**What you need to do**
Starting with the line that contains "1149, 1152, 1175]", set down each line through the end of the entries below, exactly and with nothing added.

**Given data**
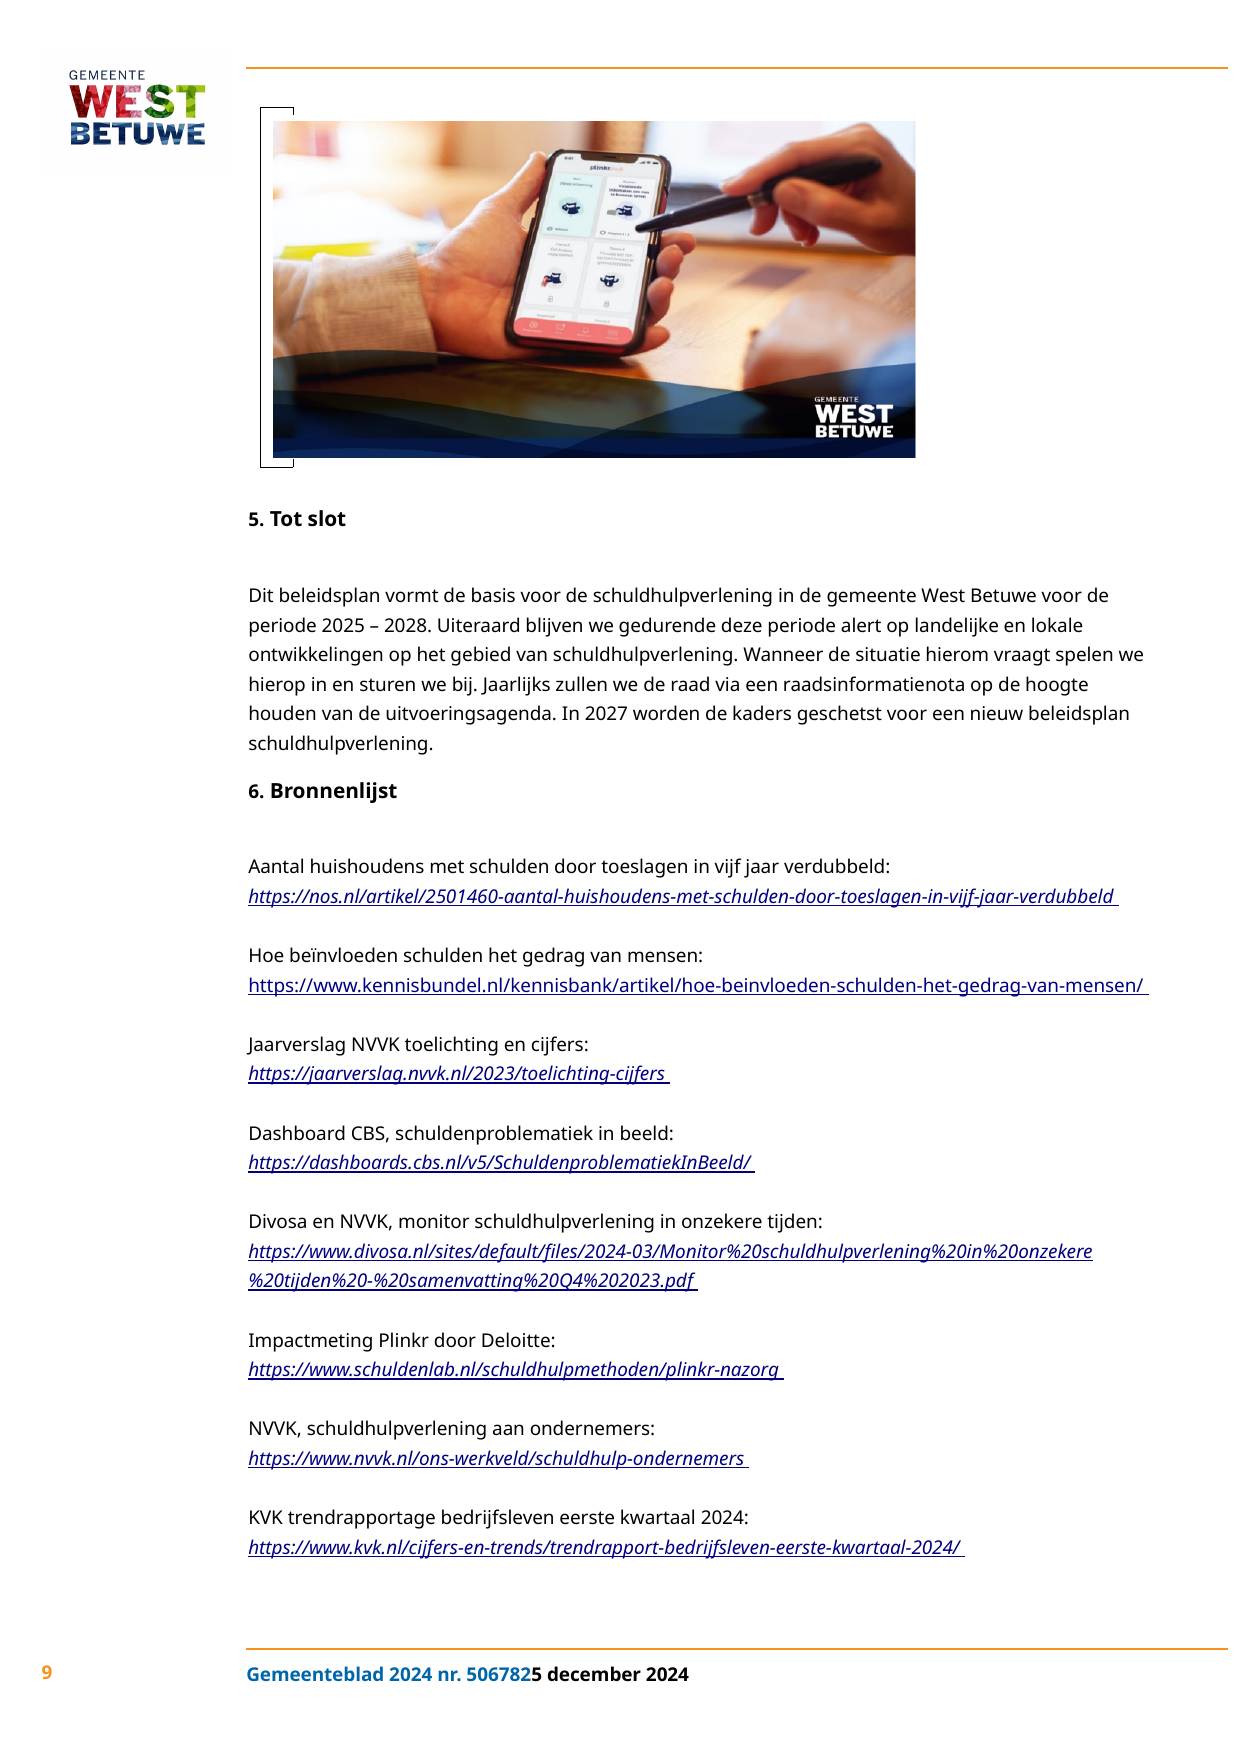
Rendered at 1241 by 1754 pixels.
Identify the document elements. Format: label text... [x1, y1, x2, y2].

text Dashboard CBS, schuldenproblematiek in beeld: [248, 1120, 1152, 1145]
text 6. Bronnenlijst [248, 776, 1152, 804]
text https://jaarverslag.nvvk.nl/2023/toelichting-cijfers [248, 1061, 1152, 1086]
text https://nos.nl/artikel/2501460-aantal-huishoudens-met-schulden-door-toeslagen-in-vijf-jaar-verdubbeld [248, 883, 1152, 909]
text Hoe beïnvloeden schulden het gedrag van mensen: [248, 942, 1152, 968]
picture [268, 115, 919, 459]
text Dit beleidsplan vormt de basis voor de schuldhulpverlening in de gemeente West Betuwe voor de periode 2025 – 2028. Uiteraard blijven we gedurende deze periode alert op landelijke en lokale ontwikkelingen op het gebied van schuldhulpverlening. Wanneer de situatie hierom vraagt spelen we hierop in en sturen we bij. Jaarlijks zullen we de raad via een raadsinformatienota op de hoogte houden van de uitvoeringsagenda. In 2027 worden de kaders geschetst voor een nieuw beleidsplan schuldhulpverlening. [248, 582, 1152, 756]
text Aantal huishoudens met schulden door toeslagen in vijf jaar verdubbeld: [248, 853, 1152, 879]
picture [41, 47, 231, 172]
text NVVK, schuldhulpverlening aan ondernemers: [248, 1416, 1152, 1441]
text https://www.kennisbundel.nl/kennisbank/artikel/hoe-beinvloeden-schulden-het-gedrag-van-mensen/ [248, 972, 1152, 997]
text https://dashboards.cbs.nl/v5/SchuldenproblematiekInBeeld/ [248, 1149, 1152, 1175]
text https://www.kvk.nl/cijfers-en-trends/trendrapport-bedrijfsleven-eerste-kwartaal-2024/ [248, 1534, 1152, 1559]
text Jaarverslag NVVK toelichting en cijfers: [248, 1031, 1152, 1057]
text Divosa en NVVK, monitor schuldhulpverlening in onzekere tijden: [248, 1208, 1152, 1234]
text KVK trendrapportage bedrijfsleven eerste kwartaal 2024: [248, 1504, 1152, 1530]
text https://www.schuldenlab.nl/schuldhulpmethoden/plinkr-nazorg [248, 1356, 1152, 1382]
text https://www.divosa.nl/sites/default/files/2024-03/Monitor%20schuldhulpverlening%20in%20onzekere%20tijden%20-%20samenvatting%20Q4%202023.pdf [248, 1238, 1152, 1293]
text https://www.nvvk.nl/ons-werkveld/schuldhulp-ondernemers [248, 1445, 1152, 1471]
text Impactmeting Plinkr door Deloitte: [248, 1327, 1152, 1352]
text 5. Tot slot [248, 504, 1152, 533]

**Reply**
text https://dashboards.cbs.nl/v5/SchuldenproblematiekInBeeld/ [248, 1149, 1152, 1175]
text https://www.kvk.nl/cijfers-en-trends/trendrapport-bedrijfsleven-eerste-kwartaal-2024/ [248, 1534, 1152, 1559]
text Jaarverslag NVVK toelichting en cijfers: [248, 1031, 1152, 1057]
text Divosa en NVVK, monitor schuldhulpverlening in onzekere tijden: [248, 1208, 1152, 1234]
text KVK trendrapportage bedrijfsleven eerste kwartaal 2024: [248, 1504, 1152, 1530]
text https://www.schuldenlab.nl/schuldhulpmethoden/plinkr-nazorg [248, 1356, 1152, 1382]
text https://www.divosa.nl/sites/default/files/2024-03/Monitor%20schuldhulpverlening%20in%20onzekere%20tijden%20-%20samenvatting%20Q4%202023.pdf [248, 1238, 1152, 1293]
text https://www.nvvk.nl/ons-werkveld/schuldhulp-ondernemers [248, 1445, 1152, 1471]
text Impactmeting Plinkr door Deloitte: [248, 1327, 1152, 1352]
text 5. Tot slot [248, 504, 1152, 533]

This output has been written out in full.